By KARL RITTER and DINO HAZELL
Associated Press
KYIV, Ukraine (AP) -- The Pentagon on Thursday released video of what it said was a Russian fighter jet dumping fuel on a U.S. Air Force surveillance drone before the warplane clipped the drone's propeller in international airspace, leading to its crash in the Black Sea and raising tensions between Moscow and Washington over the war in Ukraine.
Poland, meanwhile, said it's giving Ukraine a dozen MiG-29 fighter jets, becoming the first NATO member to fulfill Kyiv's increasingly urgent requests for warplanes.
The U.S. military's declassified 42-second color footage shows a Russian Su-27 approaching the back of the MQ-9 Reaper drone and releasing fuel as it passes, the Pentagon said. Dumping the fuel appeared to be aimed at blinding the drone's optical instruments to drive it from the area.
On a second approach, either the same jet or another Russian fighter that had been shadowing the MQ-9 struck the drone's propeller, damaging a blade, according to the U.S. military, which said it then ditched the unmanned aircraft in the sea.
Russia said its fighters didn't strike the drone and claimed the unmanned aerial vehicle went down after making a sharp maneuver.
Asked Thursday if Russia would try to recover the drone debris, Kremlin spokesman Dmitry Peskov told reporters the decision was up to the military. "If they consider it necessary to do so in the Black Sea for the benefit of our interests and our security, they will do it," he said.
U.S. officials have expressed confidence that nothing of military value would remain from the drone even if Russia managed to retrieve the wreckage. They left open the possibility of trying to recover portions of the downed $32 million aircraft, which they said crashed into waters that were 4,000 to 5,000 feet (1,200 to 1,500 meters) deep.
Russia and NATO member countries routinely intercept each other's warplanes, but the drone incident marked the first time since the Cold War that a U.S. aircraft went down during such a confrontation, raising concerns it could bring the United States and Russia closer to a direct conflict.
Moscow has repeatedly voiced concern about U.S. intelligence flights near the Crimean Peninsula, which Russia seized from Ukraine in 2014 and illegally annexed.
The Kremlin argues that by providing weapons to Ukraine and sharing intelligence information with Kyiv, the U.S. and its allies have effectively become engaged in the war, now in its 13th month.
Such U.S. actions "are fraught with escalation of the situation in the Black Sea area," the Defense Ministry said, warning that Moscow "will respond in kind to all provocations."

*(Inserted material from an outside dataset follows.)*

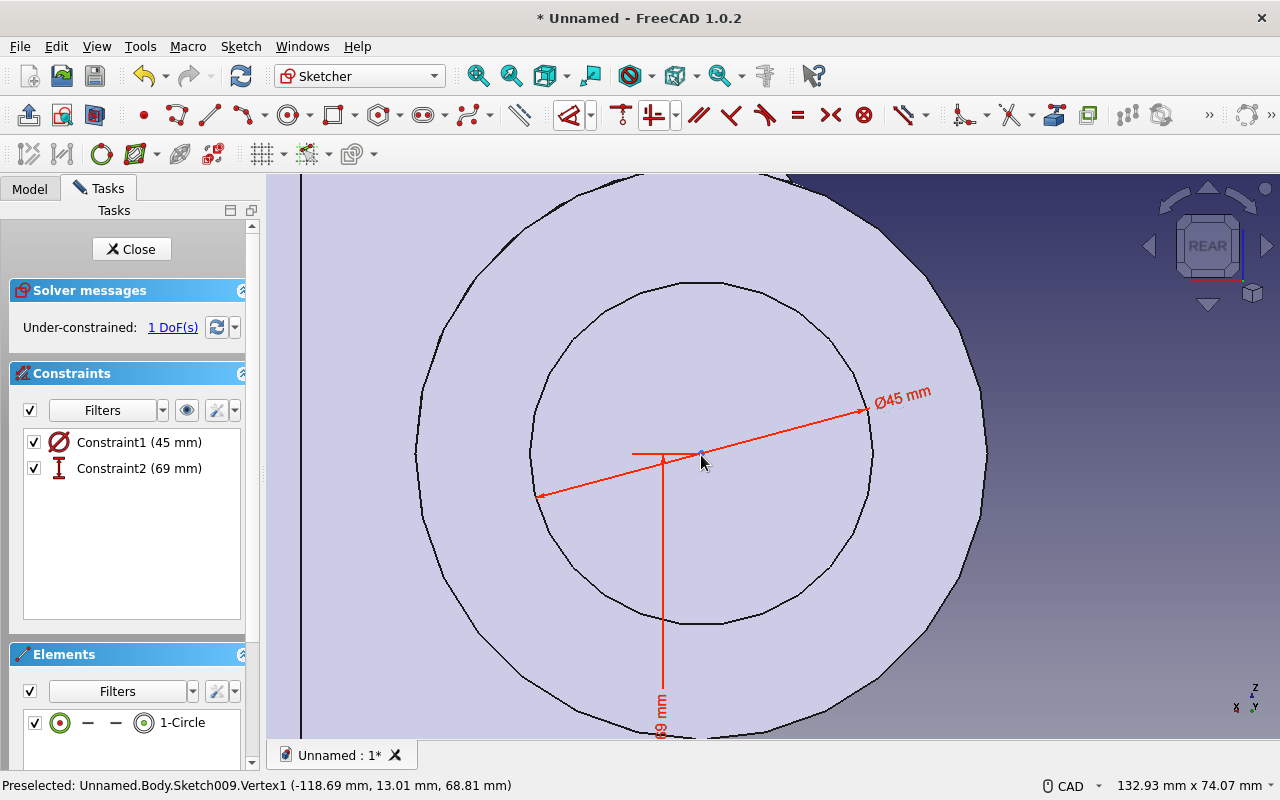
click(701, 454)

The MQ-9, which has a 66-foot (20-meter) wingspan, includes a ground control station and satellite equipment. It is capable of carrying munitions, but Air Force Brig. Gen. Pat Ryder, a Pentagon spokesperson, would not say whether the ditched drone had been armed.
Polish President Andrzej Duda said Warsaw would give Ukraine four Soviet-made MiG-29s "within the next few days" and that the rest needed servicing and would be supplied later. The Polish word he used to describe the total number of warplanes can mean between 11 and 19.

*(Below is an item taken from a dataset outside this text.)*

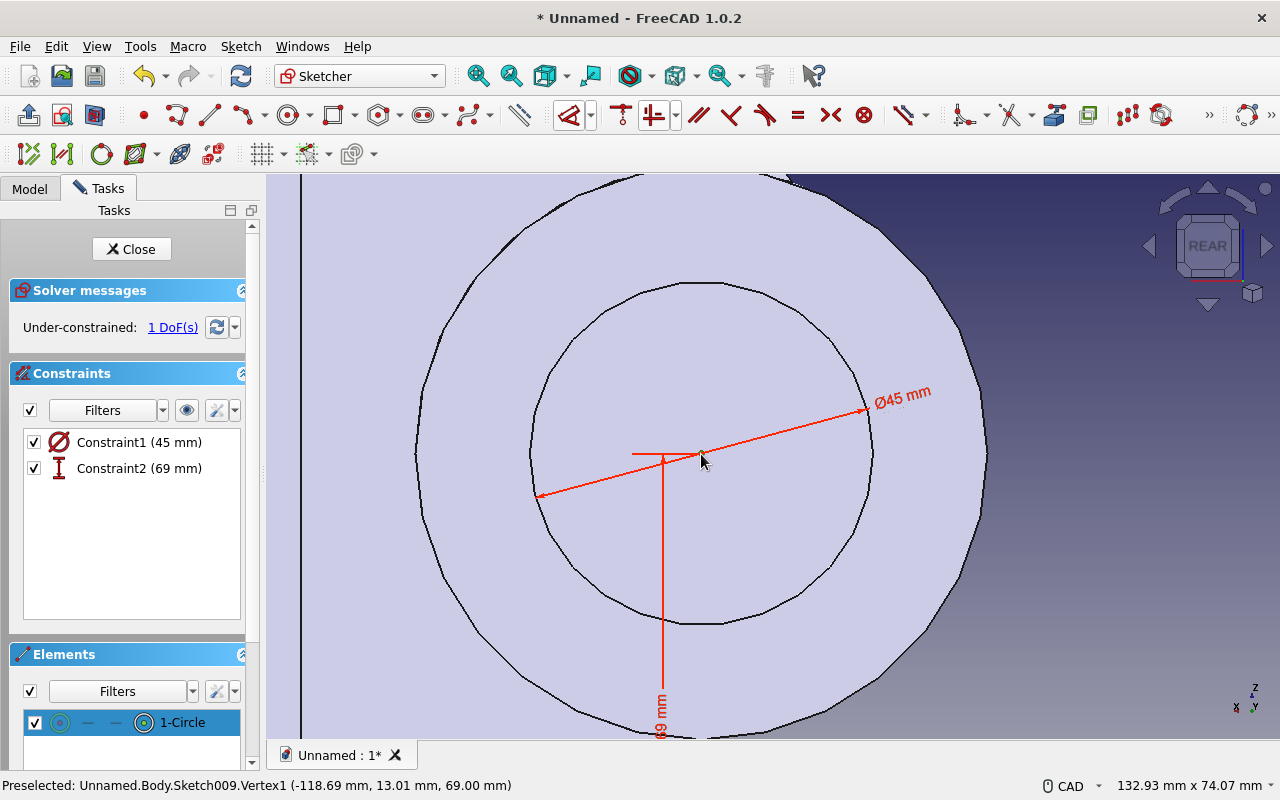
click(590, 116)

"They are in the last years of their functioning but they are in good working condition," Duda added. He did not say whether other countries would follow suit, although Slovakia has said it would send Ukraine its disused MiGs.

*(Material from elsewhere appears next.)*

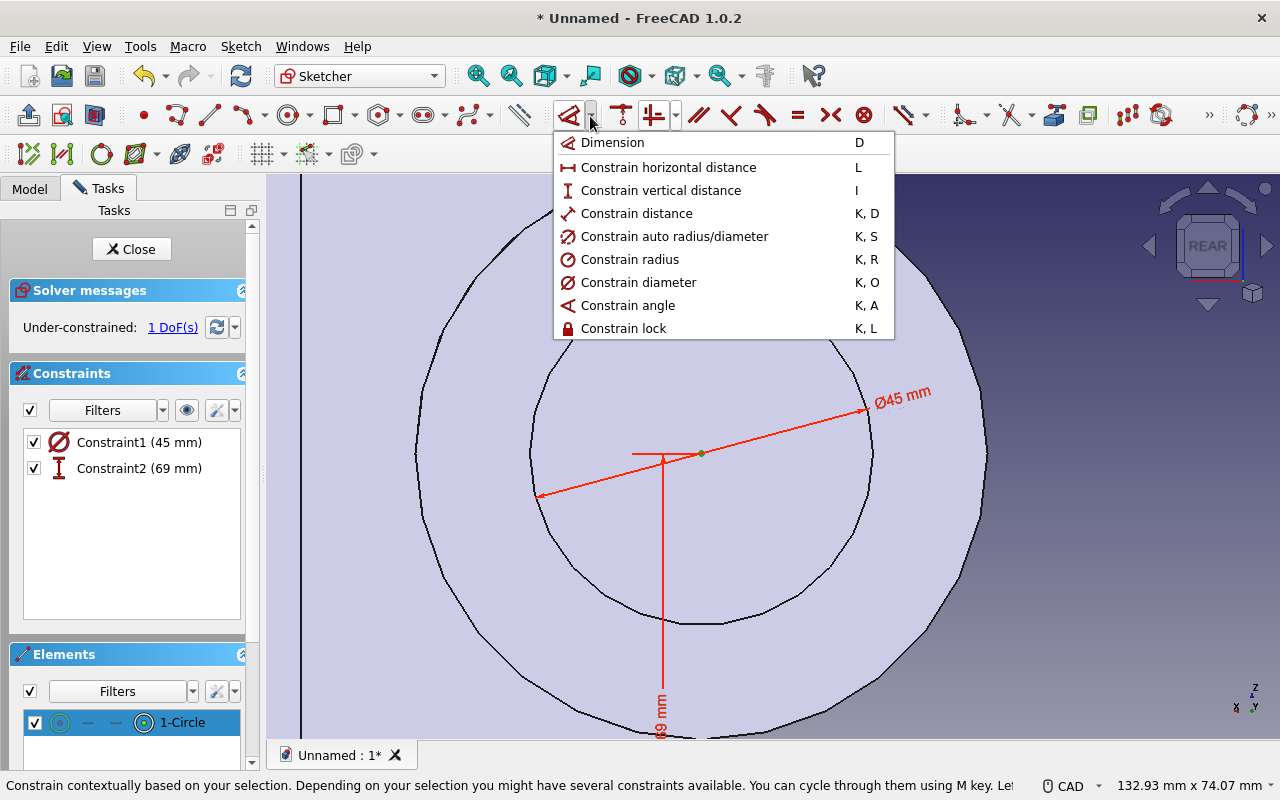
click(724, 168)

While Ukrainian President Volodymyr Zelenskyy has pleaded for fighter jets from the West, NATO allies have expressed hesitancy.
Before Russia's full-scale invasion in February 2022, Ukraine had several dozen MiG-29s it inherited in the 1991 demise of the Soviet Union, but it's unclear how many of them remain in service after more than a year of fighting.
In other developments, a court in Russia on Thursday affirmed the right of a man mobilized to fight in Ukraine to perform an alternative form of civil service due to his stated religious beliefs, setting a precedent that could persuade more reluctant draftees to try to get out of military service.
Russian President Vladimir Putin ordered a call-up of army reservists in September. Although officials said 300,000 men were drafted as planned, the mobilization also spurred resistance. Tens of thousands of men fled the country, and some of those who stayed ignored their summons.
Also, a report from a U.N.-backed inquiry released Thursday states that Russian attacks against civilians in Ukraine, including systematic torture and killing in occupied regions, amount to war crimes and possibly crimes against humanity.
"There were elements of planning and availability of resources which indicate that the Russian authorities may have committed torture as crimes against humanity," said Erik Møse, a former Norwegian Supreme Court and European Court of Human Rights judge who led the investigation.